### Exercise objective
Beneath this instruction is a listing. Transcribe from it only the stretch from the line with "Reply in this" through the line with "For example (dummy", both end lines included, exactly as written.
[Opening Provided records section]
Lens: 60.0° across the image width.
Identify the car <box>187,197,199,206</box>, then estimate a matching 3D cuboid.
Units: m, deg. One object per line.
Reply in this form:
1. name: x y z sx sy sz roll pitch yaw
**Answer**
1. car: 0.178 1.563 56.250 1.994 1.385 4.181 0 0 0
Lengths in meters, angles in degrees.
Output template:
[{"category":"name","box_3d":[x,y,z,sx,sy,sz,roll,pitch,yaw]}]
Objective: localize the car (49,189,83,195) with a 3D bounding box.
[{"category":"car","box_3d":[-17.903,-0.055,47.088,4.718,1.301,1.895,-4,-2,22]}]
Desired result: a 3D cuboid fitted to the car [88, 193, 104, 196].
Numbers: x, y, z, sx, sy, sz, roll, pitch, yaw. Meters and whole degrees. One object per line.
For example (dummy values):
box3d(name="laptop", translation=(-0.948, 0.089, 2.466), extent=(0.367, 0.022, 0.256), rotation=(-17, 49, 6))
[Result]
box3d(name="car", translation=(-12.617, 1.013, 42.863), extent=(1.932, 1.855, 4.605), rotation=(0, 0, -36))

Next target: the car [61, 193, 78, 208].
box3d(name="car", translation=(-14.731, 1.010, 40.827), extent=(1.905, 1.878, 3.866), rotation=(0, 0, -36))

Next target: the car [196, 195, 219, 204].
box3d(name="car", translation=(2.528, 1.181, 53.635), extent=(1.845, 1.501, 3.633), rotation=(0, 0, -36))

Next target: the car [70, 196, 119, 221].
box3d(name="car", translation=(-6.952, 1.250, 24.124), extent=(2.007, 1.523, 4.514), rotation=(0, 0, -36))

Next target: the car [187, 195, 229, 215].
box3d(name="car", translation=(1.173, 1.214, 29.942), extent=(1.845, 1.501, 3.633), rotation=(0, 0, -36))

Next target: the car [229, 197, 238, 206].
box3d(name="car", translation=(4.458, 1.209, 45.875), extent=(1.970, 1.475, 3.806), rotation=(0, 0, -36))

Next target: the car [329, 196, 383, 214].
[Closing Provided records section]
### Answer
Reply in this form:
1. name: x y z sx sy sz roll pitch yaw
**Answer**
1. car: 0.178 1.563 56.250 1.994 1.385 4.181 0 0 0
Lengths in meters, angles in degrees.
Output template:
[{"category":"name","box_3d":[x,y,z,sx,sy,sz,roll,pitch,yaw]}]
Objective: localize the car (49,189,83,195) with a 3D bounding box.
[{"category":"car","box_3d":[-17.903,-0.055,47.088,4.718,1.301,1.895,-4,-2,22]}]
Desired result: a 3D cuboid fitted to the car [88, 193, 104, 196].
Numbers: x, y, z, sx, sy, sz, roll, pitch, yaw. Meters and whole degrees. One object per line.
For example (dummy values):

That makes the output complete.